We currently use the deprecated google.generativeai SDK with zero configuration for multimodal Vision calls. This is not sustainable long-term as the package is end-of-life since November 2025.

Pricing transparency concern

We are not the only ones affected. this forum thread reports that since March 16, 2026, Gemini 3 Flash costs have exploded ~4× overnight despite lower token usage. The suspected cause: thinking tokens are billed at the same rate as output tokens, with no way to opt out on Gemini 3 models.

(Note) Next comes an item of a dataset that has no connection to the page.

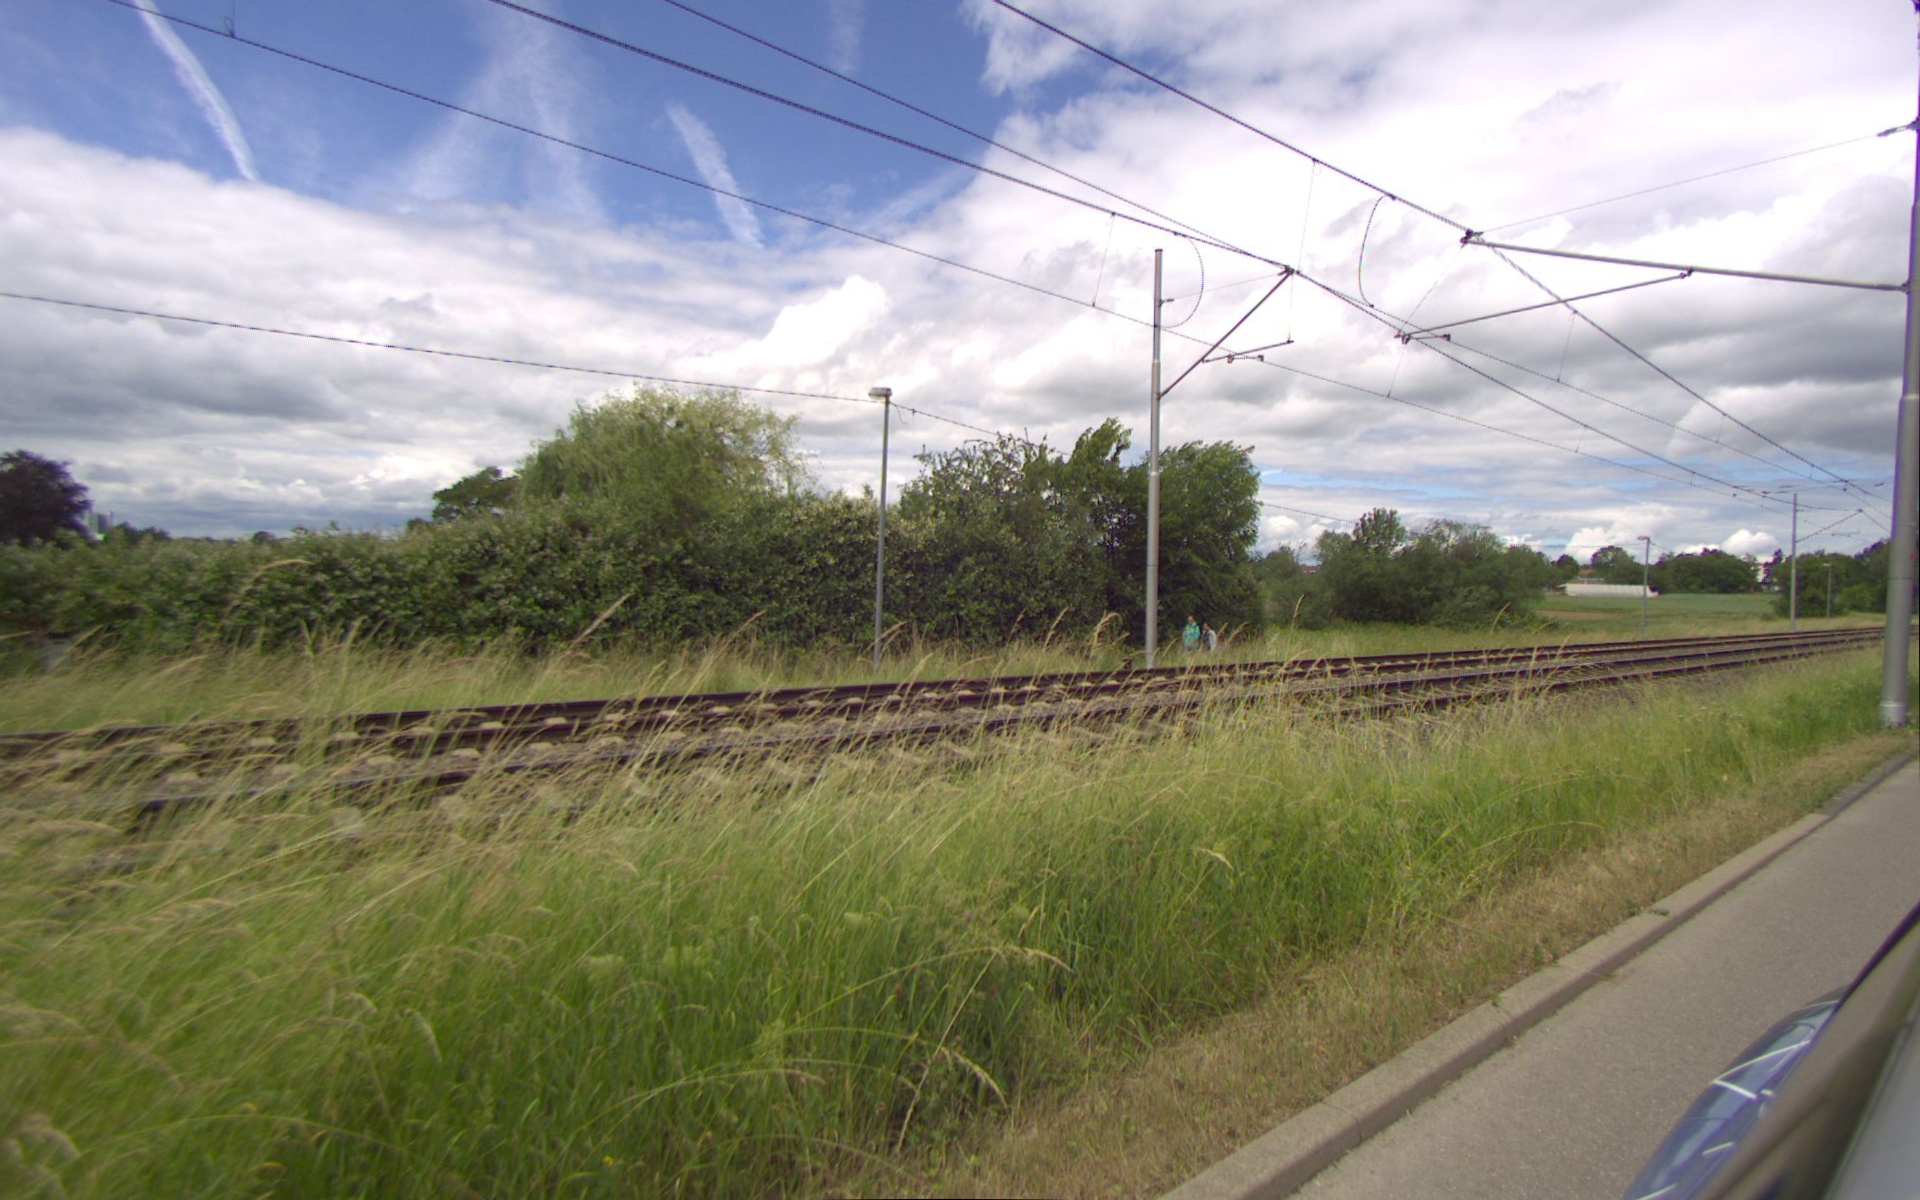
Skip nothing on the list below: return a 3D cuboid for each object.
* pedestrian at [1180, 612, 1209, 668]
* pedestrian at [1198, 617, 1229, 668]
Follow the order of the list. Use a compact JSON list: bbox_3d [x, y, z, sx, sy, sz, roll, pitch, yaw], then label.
[{"bbox_3d":[6.982,1.187,30.088,0.572,1.643,0.618,1,-1,-34],"label":"pedestrian"},{"bbox_3d":[7.369,1.211,29.387,0.654,1.449,0.600,1,-1,-35],"label":"pedestrian"}]

In our case, the new SDK generates ~1,964 thinking tokens per Vision call that the old SDK does not. At $3.50/M output tokens, that is an extra $0.007/call — purely for internal reasoning that degrades our output quality (88.8% CER vs 50.5% without thinking).

The effective cost comparison is damning:

Provider Model Cost/page (Vision OCR) CER quality
Google (old SDK, zero config) Gemini 3 Flash ~$0.005 50.5%
Google (new SDK, with thinking) Gemini 3 Flash ~$0.012 69-89%
Google (new SDK, loop incident) Gemini 3 Flash $0.23 N/A
Anthropic Claude Sonnet 4.6 ~$0.015 Stable, no loops

Gemini 3 Flash is advertised as a low-cost alternative, but with the new SDK’s mandatory thinking overhead and loop risk, the effective cost approaches or exceeds Claude Sonnet — for significantly worse quality on our multimodal OCR workload. The only way to achieve the advertised pricing is to use the deprecated SDK, which is end-of-life.

Reproduction

We can provide the exact images and prompt on request. The behavior is 100% reproducible across multiple runs.

We are looking into this. I will update this thread with my findings.

Thank you Mustan will DM project number.